L’ecstasy per curare i disturbi mentali
La vita di Rachel Hope è cambiata quando, a soli 4 anni, un amico a cui la madre l’aveva affidata mentre era in vacanza l’ha ripetutamente violentata. Da quel momento ha sofferto di disturbi post traumatici da stress (Dpts), e nessuna terapia sembrava riuscire ad alleviare le sue sofferenze.
Sino a quando nel 2005 ha incontrato Michael Mithoefer, uno psichiatra e ricercatore di Charleston, in Sud Carolina, che le ha somministrato un farmaco chiamato MDMA (acronimo di 3,4-methylenedioxy-N-methylamphetamine), comunemente noto come ecstasy.
Ingerire una pastiglia anche solo per una volta può portare a danni cerebrali irreversibili, è sempre stato l’avvertimento degli esperti. Ma ora sembra emergere un effetto inatteso: la droga può diventare una medicina, e avere effetti terapeutici su persone che soffrono di Dpts, stimolando in loro un maggior senso di sicurezza nella rielaborazione dei ricordi dolorosi.
“Non riuscivo a chiudere con quell’esperienza”, ha raccontato la ragazza, la cui agonia mentale senza sosta l’ha portata a quattro ricoveri in ospedale. Un nuovo peggioramento per Rachel si è verificato nel 1991 quando è morto il padre, e ancora nel 1998, anno in cui scoprì che il suo aggressore aveva molestato un’altra donna. Grazie alla cura di Mithoefer invece, il 90% dei suoi sintomi sono scomparsi, ha smesso di urlare, e di cadere nel tunnel dei flashback.
Il trattamento terapeutico del ricercatore di Charleston va unito alla psicoterapia: dopo alcune sedute di preparazione dei soggetti che riportano sintomi da disordine post traumatico, tra cui diverse donne come Rachel passate attraverso il dramma dello stupro, seguono lunghi incontri durante i quali vengono somministrate dosi di ecstasy.

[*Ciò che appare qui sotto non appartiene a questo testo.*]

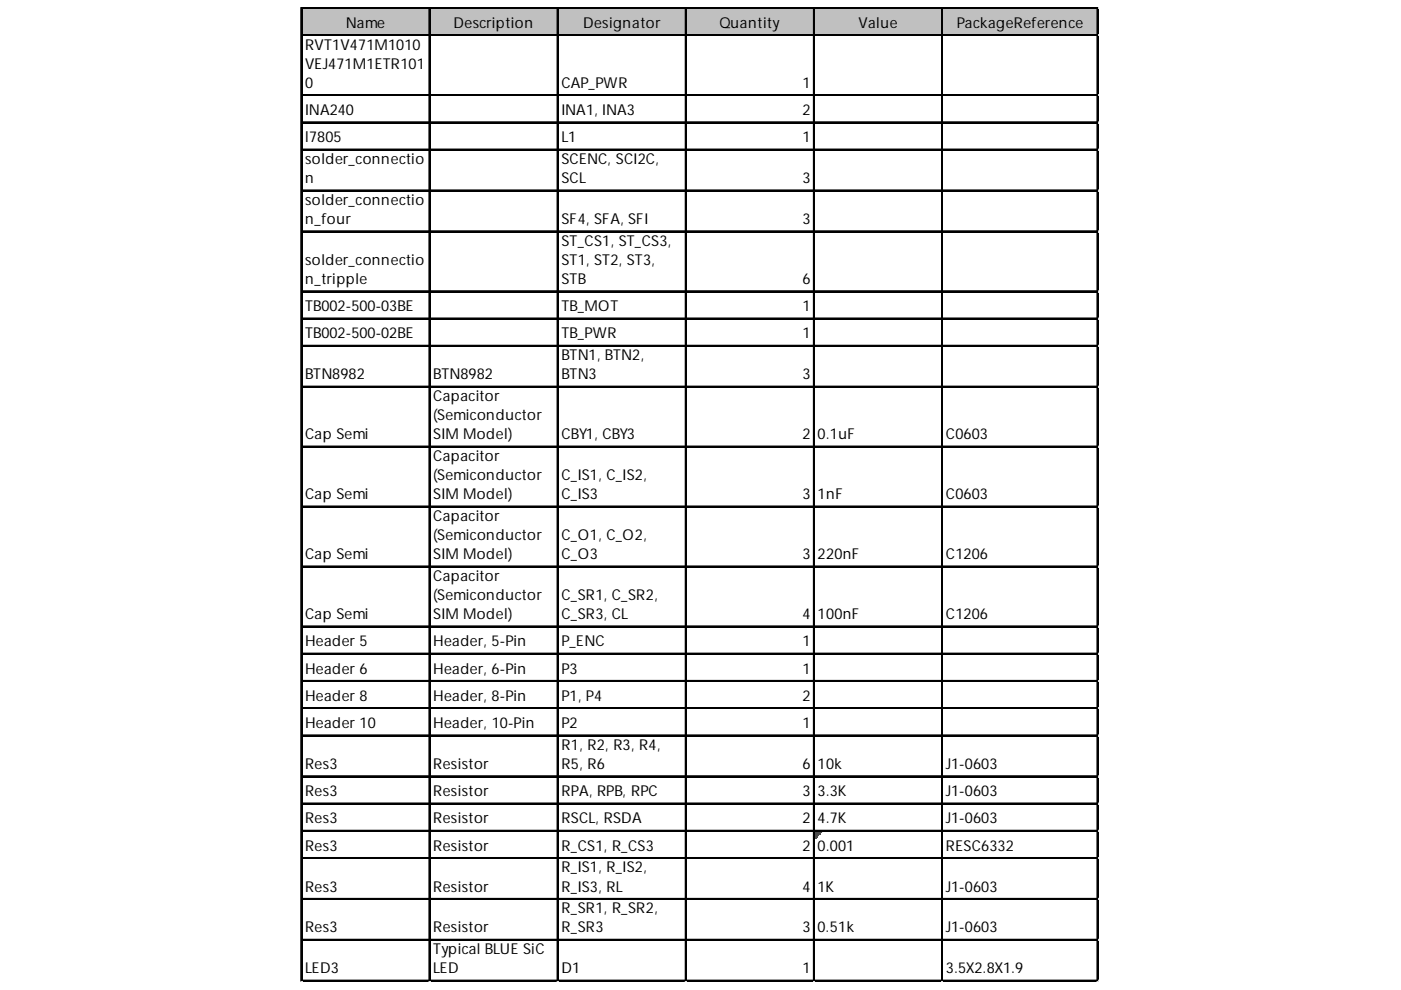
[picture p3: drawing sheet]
<svg xmlns="http://www.w3.org/2000/svg" width="297mm" height="210mm" viewBox="0 0 297 210" stroke-linecap="round" stroke-linejoin="round" font-family="sans-serif">
<defs><g id="words">
<g font-size="3.2">
<text x="73.3" y="5.9">Name</text>
<text x="96.2" y="5.9">Description</text>
<text x="123.6" y="5.9">Designator</text>
<text x="152.5" y="5.9">Quantity</text>
<text x="182" y="5.9">Value</text>
<text x="202.8" y="5.9">PackageReference</text>
<text x="64.7" y="10.5">RVT1V471M1010</text>
<text x="64.7" y="14.6">VEJ471M1ETR101</text>
<text x="64.7" y="18.6">0</text>
<text x="119" y="18.6">CAP_PWR</text>
<text x="170.2" y="18.6">1</text>
<text x="64.7" y="24.4">INA240</text>
<text x="119" y="24.4">INA1, INA3</text>
<text x="170.2" y="24.4">2</text>
<text x="64.7" y="30.2">l7805</text>
<text x="64.7" y="34.8">solder_connectio</text>
<text x="119" y="30.2">L1</text>
<text x="119" y="34.8">SCENC, SCI2C,</text>
<text x="170.2" y="30.2">1</text>
<text x="64.7" y="38.8">n</text>
<text x="119" y="38.8">SCL</text>
<text x="170.2" y="38.8">3</text>
<text x="64.7" y="43.4">solder_connectio</text>
<text x="64.7" y="47.5">n_four</text>
<text x="119" y="47.5">SF4, SFA, SFI</text>
<text x="170.2" y="47.5">3</text>
<text x="119" y="52.1">ST_CS1, ST_CS3,</text>
<text x="64.7" y="56.2">solder_connectio</text>
<text x="119" y="56.2">ST1, ST2, ST3,</text>
<text x="64.7" y="60.2">n_tripple</text>
<text x="64.7" y="66">TB002-500-03BE</text>
<text x="119" y="60.2">STB</text>
<text x="119" y="66">TB_MOT</text>
<text x="170.2" y="60.2">6</text>
<text x="170.2" y="66">1</text>
<text x="64.7" y="71.8">TB002-500-02BE</text>
<text x="119" y="71.8">TB_PWR</text>
<text x="170.2" y="71.8">1</text>
<text x="119" y="76.4">BTN1, BTN2,</text>
<text x="64.7" y="80.4">BTN8982</text>
<text x="91.8" y="80.4">BTN8982</text>
<text x="119" y="80.4">BTN3</text>
<text x="170.2" y="80.4">3</text>
<text x="91.8" y="85">Capacitor</text>
<text x="91.8" y="89.1">(Semiconductor</text>
<text x="64.7" y="93.1">Cap Semi</text>
<text x="91.8" y="93.1">SIM Model)</text>
<text x="119" y="93.1">CBY1, CBY3</text>
<text x="170.2" y="93.1">2</text>
<text x="173.4" y="93.1">0.1uF</text>
<text x="200.5" y="93.1">C0603</text>
<text x="91.8" y="97.8">Capacitor</text>
<text x="91.8" y="101.8">(Semiconductor</text>
<text x="119" y="101.8">C_IS1, C_IS2,</text>
<text x="64.7" y="105.8">Cap Semi</text>
<text x="91.8" y="105.8">SIM Model)</text>
<text x="119" y="105.8">C_IS3</text>
<text x="170.2" y="105.8">3</text>
<text x="173.4" y="105.8">1nF</text>
<text x="200.5" y="105.8">C0603</text>
<text x="91.8" y="110.5">Capacitor</text>
<text x="64.7" y="118.5">Cap Semi</text>
<text x="91.8" y="114.5">(Semiconductor</text>
<text x="91.8" y="118.5">SIM Model)</text>
<text x="119" y="114.5">C_O1, C_O2,</text>
<text x="119" y="118.5">C_O3</text>
<text x="170.2" y="118.5">3</text>
<text x="173.4" y="118.5">220nF</text>
<text x="200.5" y="118.5">C1206</text>
<text x="91.8" y="123.2">Capacitor</text>
<text x="64.7" y="131.3">Cap Semi</text>
<text x="91.8" y="127.2">(Semiconductor</text>
<text x="91.8" y="131.3">SIM Model)</text>
<text x="119" y="127.2">C_SR1, C_SR2,</text>
<text x="119" y="131.3">C_SR3, CL</text>
<text x="170.2" y="131.3">4</text>
<text x="173.4" y="131.3">100nF</text>
<text x="200.5" y="131.3">C1206</text>
<text x="64.7" y="137">Header 5</text>
<text x="91.8" y="137">Header, 5-Pin</text>
<text x="119" y="137">P_ENC</text>
<text x="170.2" y="137">1</text>
<text x="64.7" y="142.8">Header 6</text>
<text x="91.8" y="142.8">Header, 6-Pin</text>
<text x="119" y="142.8">P3</text>
<text x="170.2" y="142.8">1</text>
<text x="64.7" y="148.6">Header 8</text>
<text x="91.8" y="148.6">Header, 8-Pin</text>
<text x="119" y="148.6">P1, P4</text>
<text x="170.2" y="148.6">2</text>
<text x="64.7" y="154.4">Header 10</text>
<text x="91.8" y="154.4">Header, 10-Pin</text>
<text x="119" y="154.4">P2</text>
<text x="170.2" y="154.4">1</text>
<text x="119" y="159">R1, R2, R3, R4,</text>
<text x="64.7" y="163">Res3</text>
<text x="91.8" y="163">Resistor</text>
<text x="119" y="163">R5, R6</text>
<text x="170.2" y="163">6</text>
<text x="173.4" y="163">10k</text>
<text x="200.5" y="163">J1-0603</text>
<text x="64.7" y="168.8">Res3</text>
<text x="91.8" y="168.8">Resistor</text>
<text x="119" y="168.8">RPA, RPB, RPC</text>
<text x="170.2" y="168.8">3</text>
<text x="173.4" y="168.8">3.3K</text>
<text x="200.5" y="168.8">J1-0603</text>
<text x="64.7" y="174.6">Res3</text>
<text x="91.8" y="174.6">Resistor</text>
<text x="119" y="174.6">RSCL, RSDA</text>
<text x="170.2" y="174.6">2</text>
<text x="173.4" y="174.6">4.7K</text>
<text x="200.5" y="174.6">J1-0603</text>
<text x="64.7" y="180.4">Res3</text>
<text x="91.8" y="180.4">Resistor</text>
<text x="119" y="180.4">R_CS1, R_CS3</text>
<text x="119" y="185">R_IS1, R_IS2,</text>
<text x="170.2" y="180.4">2</text>
<text x="173.4" y="180.4">0.001</text>
<text x="200.5" y="180.4">RESC6332</text>
<text x="64.7" y="189">Res3</text>
<text x="91.8" y="189">Resistor</text>
<text x="119" y="189">R_IS3, RL</text>
<text x="170.2" y="189">4</text>
<text x="173.4" y="189">1K</text>
<text x="200.5" y="189">J1-0603</text>
<text x="64.7" y="197.7">Res3</text>
<text x="91.8" y="197.7">Resistor</text>
<text x="119" y="193.7">R_SR1, R_SR2,</text>
<text x="119" y="197.7">R_SR3</text>
<text x="170.2" y="197.7">3</text>
<text x="173.4" y="197.7">0.51k</text>
<text x="200.5" y="197.7">J1-0603</text>
<text x="91.8" y="202.3">Typical BLUE SiC</text>
<text x="64.7" y="206.4">LED3</text>
<text x="91.8" y="206.4">LED</text>
<text x="119" y="206.4">D1</text>
<text x="170.2" y="206.4">1</text>
<text x="200.5" y="206.4">3.5X2.8X1.9</text>
</g>
</g></defs>
<path d="M64 1.8h168.9v5.9h-168.9z" fill="#c0c0c0"/>
<path d="M172.8 176.4h1.4" fill="none" stroke="#008000" stroke-width=".29"/>
<path d="M172.8 176.4h1.4v.2h-1.4z" fill="#008000"/>
<path d="M172.8 176.6h1.1" fill="none" stroke="#008000" stroke-width=".29"/>
<path d="M172.8 176.6h1.1v.3h-1.1z" fill="#008000"/>
<path d="M172.8 176.9h.8" fill="none" stroke="#008000" stroke-width=".29"/>
<path d="M172.8 176.9h.8v.3h-.8z" fill="#008000"/>
<path d="M172.8 177.2h.6" fill="none" stroke="#008000" stroke-width=".29"/>
<path d="M172.8 177.2h.6v.3h-.6z" fill="#008000"/>
<path d="M172.8 177.5h.3" fill="none" stroke="#008000" stroke-width=".29"/>
<path d="M172.8 177.5h.3v.3h-.3z" fill="#008000"/>
<g fill="none" stroke="#000" stroke-width=".29">
<path d="M63.8 1.6v206.5M64 1.6v206.5M64.1 1.6h168.8M64.1 1.7h168.8M64.1 7.4h168.8M64.1 7.5h168.8M91 1.9v206.2M91.1 1.9v206.2M118.1 1.9v206.2M118.3 1.9v206.2M145.3 1.9v206.2M145.5 1.9v206.2"/>
<path d="M172.5 1.9v206.2M172.6 1.9v206.2M199.7 1.9v206.2M199.8 1.9v206.2M232.6 1.9v206.2M232.8 1.9v206.2M64.1 20.1h168.8M64.1 20.2h168.8M64.1 25.9h168.8M64.1 26h168.8M64.1 31.6h168.8M64.1 31.8h168.8"/>
<path d="M64.1 40.3h168.8M64.1 40.5h168.8M64.1 49h168.8M64.1 49.1h168.8M64.1 61.7h168.8M64.1 61.8h168.8M64.1 67.5h168.8M64.1 67.6h168.8M64.1 73.2h168.8M64.1 73.4h168.8M64.1 81.9h168.8M64.1 82h168.8"/>
<path d="M64.1 94.6h168.8M64.1 94.8h168.8M64.1 107.3h168.8M64.1 107.5h168.8M64.1 120h168.8M64.1 120.2h168.8M64.1 132.7h168.8M64.1 132.9h168.8M64.1 138.5h168.8M64.1 138.7h168.8M64.1 144.3h168.8M64.1 144.4h168.8"/>
<path d="M64.1 150.1h168.8M64.1 150.2h168.8M64.1 155.8h168.8M64.1 156h168.8M64.1 164.5h168.8M64.1 164.7h168.8M64.1 170.3h168.8M64.1 170.4h168.8M64.1 176.1h168.8M64.1 176.2h168.8M64.1 181.8h168.8M64.1 182h168.8"/>
<path d="M64.1 190.5h168.8M64.1 190.7h168.8M64.1 199.2h168.8M64.1 199.3h168.8M64.1 207.8h168.8M64.1 208h168.8"/>
</g>
<path d="M63.8 208.1v.1" fill="none" stroke="#d4d4d4" stroke-width=".29"/>
<path d="M63.8 208.1l.3 .1z" fill="#d4d4d4"/>
<path d="M91 208.1v.1" fill="none" stroke="#d4d4d4" stroke-width=".29"/>
<path d="M91 208.1l.3 .1z" fill="#d4d4d4"/>
<path d="M118.1 208.1v.1" fill="none" stroke="#d4d4d4" stroke-width=".29"/>
<path d="M118.1 208.1l.3 .1z" fill="#d4d4d4"/>
<path d="M145.3 208.1v.1" fill="none" stroke="#d4d4d4" stroke-width=".29"/>
<path d="M145.3 208.1l.3 .1z" fill="#d4d4d4"/>
<path d="M172.5 208.1v.1" fill="none" stroke="#d4d4d4" stroke-width=".29"/>
<path d="M172.5 208.1l.3 .1z" fill="#d4d4d4"/>
<path d="M199.7 208.1v.1" fill="none" stroke="#d4d4d4" stroke-width=".29"/>
<path d="M199.7 208.1l.2 .1z" fill="#d4d4d4"/>
<path d="M232.6 208.1v.1" fill="none" stroke="#d4d4d4" stroke-width=".29"/>
<path d="M232.6 208.1l.3 .1z" fill="#d4d4d4"/>
<path d="M232.9 1.6h.1" fill="none" stroke="#d4d4d4" stroke-width=".29"/>
<path d="M232.9 1.6l.1 .3z" fill="#d4d4d4"/>
<path d="M232.9 7.4h.1" fill="none" stroke="#d4d4d4" stroke-width=".29"/>
<path d="M232.9 7.4l.1 .3z" fill="#d4d4d4"/>
<path d="M232.9 20.1h.1" fill="none" stroke="#d4d4d4" stroke-width=".29"/>
<path d="M232.9 20.1l.1 .3z" fill="#d4d4d4"/>
<path d="M232.9 25.9h.1" fill="none" stroke="#d4d4d4" stroke-width=".29"/>
<path d="M232.9 25.9l.1 .3z" fill="#d4d4d4"/>
<path d="M232.9 31.6h.1" fill="none" stroke="#d4d4d4" stroke-width=".29"/>
<path d="M232.9 31.6l.1 .3z" fill="#d4d4d4"/>
<path d="M232.9 40.3h.1" fill="none" stroke="#d4d4d4" stroke-width=".29"/>
<path d="M232.9 40.3l.1 .3z" fill="#d4d4d4"/>
<path d="M232.9 49h.1" fill="none" stroke="#d4d4d4" stroke-width=".29"/>
<path d="M232.9 49l.1 .3z" fill="#d4d4d4"/>
<path d="M232.9 61.7h.1" fill="none" stroke="#d4d4d4" stroke-width=".29"/>
<path d="M232.9 61.7l.1 .3z" fill="#d4d4d4"/>
<path d="M232.9 67.5h.1" fill="none" stroke="#d4d4d4" stroke-width=".29"/>
<path d="M232.9 67.5l.1 .2z" fill="#d4d4d4"/>
<path d="M232.9 73.2h.1" fill="none" stroke="#d4d4d4" stroke-width=".29"/>
<path d="M232.9 73.2l.1 .3z" fill="#d4d4d4"/>
<path d="M232.9 81.9h.1" fill="none" stroke="#d4d4d4" stroke-width=".29"/>
<path d="M232.9 81.9l.1 .3z" fill="#d4d4d4"/>
<path d="M232.9 94.6h.1" fill="none" stroke="#d4d4d4" stroke-width=".29"/>
<path d="M232.9 94.6l.1 .3z" fill="#d4d4d4"/>
<path d="M232.9 107.3h.1" fill="none" stroke="#d4d4d4" stroke-width=".29"/>
<path d="M232.9 107.3l.1 .3z" fill="#d4d4d4"/>
<path d="M232.9 120h.1" fill="none" stroke="#d4d4d4" stroke-width=".29"/>
<path d="M232.9 120l.1 .3z" fill="#d4d4d4"/>
<path d="M232.9 132.7h.1" fill="none" stroke="#d4d4d4" stroke-width=".29"/>
<path d="M232.9 132.7l.1 .3z" fill="#d4d4d4"/>
<path d="M232.9 138.5h.1" fill="none" stroke="#d4d4d4" stroke-width=".29"/>
<path d="M232.9 138.5l.1 .3z" fill="#d4d4d4"/>
<path d="M232.9 144.3h.1" fill="none" stroke="#d4d4d4" stroke-width=".29"/>
<path d="M232.9 144.3l.1 .3z" fill="#d4d4d4"/>
<path d="M232.9 150.1h.1" fill="none" stroke="#d4d4d4" stroke-width=".29"/>
<path d="M232.9 150.1l.1 .3z" fill="#d4d4d4"/>
<path d="M232.9 155.8h.1" fill="none" stroke="#d4d4d4" stroke-width=".29"/>
<path d="M232.9 155.8l.1 .3z" fill="#d4d4d4"/>
<path d="M232.9 164.5h.1" fill="none" stroke="#d4d4d4" stroke-width=".29"/>
<path d="M232.9 164.5l.1 .3z" fill="#d4d4d4"/>
<path d="M232.9 170.3h.1" fill="none" stroke="#d4d4d4" stroke-width=".29"/>
<path d="M232.9 170.3l.1 .3z" fill="#d4d4d4"/>
<path d="M232.9 176.1h.1" fill="none" stroke="#d4d4d4" stroke-width=".29"/>
<path d="M232.9 176.1l.1 .3z" fill="#d4d4d4"/>
<path d="M232.9 181.8h.1" fill="none" stroke="#d4d4d4" stroke-width=".29"/>
<path d="M232.9 181.8l.1 .3z" fill="#d4d4d4"/>
<path d="M232.9 190.5h.1" fill="none" stroke="#d4d4d4" stroke-width=".29"/>
<path d="M232.9 190.5l.1 .3z" fill="#d4d4d4"/>
<path d="M232.9 199.2h.1" fill="none" stroke="#d4d4d4" stroke-width=".29"/>
<path d="M232.9 199.2l.1 .3z" fill="#d4d4d4"/>
<path d="M232.9 207.8h.1" fill="none" stroke="#d4d4d4" stroke-width=".29"/>
<path d="M232.9 207.8l.1 .3z" fill="#d4d4d4"/>
<use href="#words"/>
</svg>

La sostanza, assunta sotto controllo medico, riuscirebbe a rendere meno doloroso il ricordo degli eventi traumatici, permettendo a chi li ha vissuti di parlarne in terapia e dunque di risolvere i problemi ad essi legati. L’MDMA, che nelle persone ‘sane’, da senso di eccitazione ed euforia, nei soggetti malati riduce il senso di ansia e la paura.
‘La domanda è, ok, è stato un fuoco di paglia? Le persone si sentono bene perché stanno assumendo una droga?’ – ha detto ai media statunitensi Mithoefer – Ma la risposta è stata ‘no’, per la maggior parte dei pazienti’. Il dottore ha infatti testato la terapia su 19 individui, 14 dei quali hanno riscontrato significativi miglioramenti.